ReadSize = 1024 * 1024 # 1 MB

out = open(OutFile, "a")

for filename in Files:
# Context manager (with statement). Ensures the file is closed, without doing it myself
with open(filename) as file:
while True:
tmp = file.read(ReadSize)
out.write(tmp)
if len(tmp) != ReadSize:
break

Can+~
November 29th, 2009, 11:46 PM
If files are small, you could load them into main memory and write them all at once.

baskar007
November 30th, 2009, 06:21 AM
while loop
If the file is too large reading of full file takes large memory ?

baskar007
November 30th, 2009, 06:25 AM
I think the point is so as not to read the files all at once.

I'm only guessing at the bottlenecks here, but I suspect a significant problem is that you reopen the output file every time you read a block.

Your for loop can be significantly improved by not iterating over the indexes, but the filenames themselves.

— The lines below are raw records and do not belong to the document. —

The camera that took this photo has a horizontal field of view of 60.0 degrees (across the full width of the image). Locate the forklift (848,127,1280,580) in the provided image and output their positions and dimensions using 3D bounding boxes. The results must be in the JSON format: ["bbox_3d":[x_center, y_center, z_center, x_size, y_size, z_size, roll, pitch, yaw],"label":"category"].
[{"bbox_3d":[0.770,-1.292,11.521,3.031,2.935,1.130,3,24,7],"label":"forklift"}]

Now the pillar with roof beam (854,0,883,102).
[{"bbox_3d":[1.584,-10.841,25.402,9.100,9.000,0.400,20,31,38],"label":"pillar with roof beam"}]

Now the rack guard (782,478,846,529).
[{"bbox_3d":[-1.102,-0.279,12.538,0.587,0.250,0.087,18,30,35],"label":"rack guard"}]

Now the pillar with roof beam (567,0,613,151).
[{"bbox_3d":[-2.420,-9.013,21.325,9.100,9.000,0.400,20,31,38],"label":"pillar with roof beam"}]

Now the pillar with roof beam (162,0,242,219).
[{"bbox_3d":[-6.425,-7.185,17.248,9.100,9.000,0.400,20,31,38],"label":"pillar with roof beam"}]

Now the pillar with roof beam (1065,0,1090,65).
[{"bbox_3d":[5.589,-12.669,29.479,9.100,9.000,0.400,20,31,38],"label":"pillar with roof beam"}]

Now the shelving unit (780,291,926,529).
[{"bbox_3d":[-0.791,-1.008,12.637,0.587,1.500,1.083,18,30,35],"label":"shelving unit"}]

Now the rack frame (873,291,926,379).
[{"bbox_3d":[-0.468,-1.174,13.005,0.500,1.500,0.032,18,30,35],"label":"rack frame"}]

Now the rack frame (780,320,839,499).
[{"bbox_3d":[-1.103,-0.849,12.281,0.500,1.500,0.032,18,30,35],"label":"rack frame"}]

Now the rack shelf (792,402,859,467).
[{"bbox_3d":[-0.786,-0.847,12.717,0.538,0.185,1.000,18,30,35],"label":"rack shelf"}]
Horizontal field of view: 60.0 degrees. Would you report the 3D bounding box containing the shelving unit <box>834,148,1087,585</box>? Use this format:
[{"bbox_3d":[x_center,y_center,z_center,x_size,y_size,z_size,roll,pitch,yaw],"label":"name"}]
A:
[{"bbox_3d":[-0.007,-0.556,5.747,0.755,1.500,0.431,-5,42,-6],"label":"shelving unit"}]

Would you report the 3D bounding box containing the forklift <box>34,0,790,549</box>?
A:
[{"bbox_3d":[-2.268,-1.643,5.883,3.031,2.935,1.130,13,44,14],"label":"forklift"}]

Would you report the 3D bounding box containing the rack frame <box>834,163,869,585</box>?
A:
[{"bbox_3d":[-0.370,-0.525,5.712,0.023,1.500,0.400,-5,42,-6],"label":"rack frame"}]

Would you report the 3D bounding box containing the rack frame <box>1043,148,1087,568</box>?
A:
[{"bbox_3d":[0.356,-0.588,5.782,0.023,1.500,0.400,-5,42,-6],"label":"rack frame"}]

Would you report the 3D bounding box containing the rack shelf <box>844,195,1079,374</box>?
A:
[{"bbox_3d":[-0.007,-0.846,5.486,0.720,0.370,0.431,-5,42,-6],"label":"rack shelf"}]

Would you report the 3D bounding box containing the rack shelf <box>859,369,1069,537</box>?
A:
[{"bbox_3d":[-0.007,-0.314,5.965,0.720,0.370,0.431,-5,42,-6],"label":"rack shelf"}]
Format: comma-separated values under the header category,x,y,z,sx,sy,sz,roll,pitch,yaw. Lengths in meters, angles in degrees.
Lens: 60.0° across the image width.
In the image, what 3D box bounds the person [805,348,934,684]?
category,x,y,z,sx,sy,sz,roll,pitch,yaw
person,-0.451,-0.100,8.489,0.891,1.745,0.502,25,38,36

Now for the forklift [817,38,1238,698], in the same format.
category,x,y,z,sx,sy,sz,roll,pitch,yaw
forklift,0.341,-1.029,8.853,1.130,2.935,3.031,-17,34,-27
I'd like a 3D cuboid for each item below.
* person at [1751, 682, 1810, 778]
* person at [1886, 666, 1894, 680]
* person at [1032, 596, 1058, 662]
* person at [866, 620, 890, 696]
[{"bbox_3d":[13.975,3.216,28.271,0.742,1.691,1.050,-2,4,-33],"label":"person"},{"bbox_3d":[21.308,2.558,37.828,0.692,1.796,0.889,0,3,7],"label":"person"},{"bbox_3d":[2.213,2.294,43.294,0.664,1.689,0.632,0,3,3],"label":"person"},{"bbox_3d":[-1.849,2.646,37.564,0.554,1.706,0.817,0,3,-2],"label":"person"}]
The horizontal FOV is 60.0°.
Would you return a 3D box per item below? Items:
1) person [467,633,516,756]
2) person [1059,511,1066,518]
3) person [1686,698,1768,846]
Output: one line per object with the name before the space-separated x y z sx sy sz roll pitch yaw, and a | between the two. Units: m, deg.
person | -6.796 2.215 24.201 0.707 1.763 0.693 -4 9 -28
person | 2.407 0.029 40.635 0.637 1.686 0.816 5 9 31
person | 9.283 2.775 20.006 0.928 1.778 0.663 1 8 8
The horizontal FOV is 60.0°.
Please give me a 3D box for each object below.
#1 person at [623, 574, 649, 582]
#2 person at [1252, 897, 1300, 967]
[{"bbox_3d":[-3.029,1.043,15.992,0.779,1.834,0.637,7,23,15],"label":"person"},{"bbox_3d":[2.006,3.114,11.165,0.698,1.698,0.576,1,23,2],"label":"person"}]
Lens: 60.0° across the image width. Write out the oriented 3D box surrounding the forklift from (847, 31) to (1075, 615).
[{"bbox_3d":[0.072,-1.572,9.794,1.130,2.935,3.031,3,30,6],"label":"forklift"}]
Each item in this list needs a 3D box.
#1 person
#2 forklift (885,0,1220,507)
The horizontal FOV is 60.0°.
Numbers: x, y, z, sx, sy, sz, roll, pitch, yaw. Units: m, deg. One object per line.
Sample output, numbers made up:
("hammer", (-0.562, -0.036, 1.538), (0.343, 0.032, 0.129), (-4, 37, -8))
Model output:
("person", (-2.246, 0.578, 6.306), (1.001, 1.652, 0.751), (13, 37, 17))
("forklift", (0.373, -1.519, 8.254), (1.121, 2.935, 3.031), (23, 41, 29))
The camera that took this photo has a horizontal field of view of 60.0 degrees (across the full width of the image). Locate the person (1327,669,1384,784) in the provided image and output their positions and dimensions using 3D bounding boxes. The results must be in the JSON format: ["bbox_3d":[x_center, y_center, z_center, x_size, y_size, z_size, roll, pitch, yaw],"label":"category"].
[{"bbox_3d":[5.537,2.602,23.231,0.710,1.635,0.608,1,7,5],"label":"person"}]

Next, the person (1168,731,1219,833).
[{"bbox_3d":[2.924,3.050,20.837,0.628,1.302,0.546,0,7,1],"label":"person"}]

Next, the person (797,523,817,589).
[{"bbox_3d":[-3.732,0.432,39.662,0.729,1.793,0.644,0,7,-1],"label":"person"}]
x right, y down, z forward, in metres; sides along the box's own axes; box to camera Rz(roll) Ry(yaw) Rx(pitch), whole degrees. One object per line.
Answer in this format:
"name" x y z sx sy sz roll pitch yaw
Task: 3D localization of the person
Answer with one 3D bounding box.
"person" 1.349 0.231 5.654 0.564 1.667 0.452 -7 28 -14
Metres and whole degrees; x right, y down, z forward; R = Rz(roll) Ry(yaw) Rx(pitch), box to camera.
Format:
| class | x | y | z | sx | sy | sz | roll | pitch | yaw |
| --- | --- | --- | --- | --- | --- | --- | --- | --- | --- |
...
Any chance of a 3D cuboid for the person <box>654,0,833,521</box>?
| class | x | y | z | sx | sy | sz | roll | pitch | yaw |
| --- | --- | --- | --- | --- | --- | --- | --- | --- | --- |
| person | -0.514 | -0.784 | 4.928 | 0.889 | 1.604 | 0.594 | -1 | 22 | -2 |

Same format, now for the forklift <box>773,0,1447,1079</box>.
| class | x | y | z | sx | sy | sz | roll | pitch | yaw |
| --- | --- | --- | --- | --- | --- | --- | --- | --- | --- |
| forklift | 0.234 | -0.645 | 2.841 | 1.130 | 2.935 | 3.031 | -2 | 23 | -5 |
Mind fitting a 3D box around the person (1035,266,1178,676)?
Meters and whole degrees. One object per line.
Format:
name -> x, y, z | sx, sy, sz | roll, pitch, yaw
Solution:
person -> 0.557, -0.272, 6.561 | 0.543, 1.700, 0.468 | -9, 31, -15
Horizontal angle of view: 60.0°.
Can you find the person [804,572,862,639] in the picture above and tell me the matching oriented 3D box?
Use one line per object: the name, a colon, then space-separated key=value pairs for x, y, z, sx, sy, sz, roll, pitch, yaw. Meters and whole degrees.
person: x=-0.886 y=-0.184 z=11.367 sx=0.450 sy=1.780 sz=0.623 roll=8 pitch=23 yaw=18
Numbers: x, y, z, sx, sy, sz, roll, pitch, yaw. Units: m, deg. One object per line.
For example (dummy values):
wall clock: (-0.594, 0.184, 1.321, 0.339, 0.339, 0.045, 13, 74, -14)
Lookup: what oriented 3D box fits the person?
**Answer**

You aren't using the index anyway. (see benj1's code for an example of this)

Your method of testing for the end of the file can be simplified. Just compare the length of the string that read() returned to the size you expected, and if it did not return enough, it has met EOF.

In addition, I think 10 KB is a rather small block size.

My version:



import os.path

Files = ["1.part", "2.part", "3.part"]
OutFile = "source"

ReadSize = 1024 * 1024 # 1 MB

out = open(OutFile, "a")

for filename in Files:
# Context manager (with statement). Ensures the file is closed, without doing it myself
with open(filename) as file:
while True:
tmp = file.read(ReadSize)
out.write(tmp)
if len(tmp) != ReadSize:
break

Thank you,
Now i got an idea.

I have one more question :
Is there is any other way to move all files in to a single file?

snova
November 30th, 2009, 06:42 AM
while loop
If the file is too large reading of full file takes large memory ?

A plain read() call will pull the entire file into memory. Memory is getting cheap and files aren't generally huge, but it's not the best idea.


Thank you,
Now i got an idea.

I have one more question :
Is there is any other way to move all files in to a single file?

How about cat? It just occurred to me:


cat 1.part 2.part 3.part > source
# Or even this:
cat *.part > source

baskar007
December 2nd, 2009, 09:06 AM
A plain read() call will pull the entire file into memory. Memory is getting cheap and files aren't generally huge, but it's not the best idea.



How about cat? It just occurred to me:


cat 1.part 2.part 3.part > source
# Or even this:
cat *.part > source
is *cat* is python code?

nvteighen
December 2nd, 2009, 02:53 PM
is *cat* is python code?

No, it's a command line utility.

DaithiF
December 2nd, 2009, 11:27 PM
is *cat* is python code?
+1 for cat. if it has to be python, you could cheat by wrapping python around cat :p

import subprocess
subprocess.Popen('cat %s > newfile.txt' % ' '.join(files), shell=True)though cats don't normally like being wrapped by pythons ;) melon helmets are fine tho.

fiddler616
December 3rd, 2009, 04:06 AM
though cats don't normally like being wrapped by pythons
Classy.

Does subprocess.Popen(str) arbitarily run str through a bash interpreter? Are there any limits? I feel like this could get out of hand, although I guess bash has:

python -c "<insert code here>"

DaithiF
December 3rd, 2009, 10:08 PM
Classy.

Does subprocess.Popen(str) arbitarily run str through a bash interpreter?

no, not unless you pass True for the Shell parameter.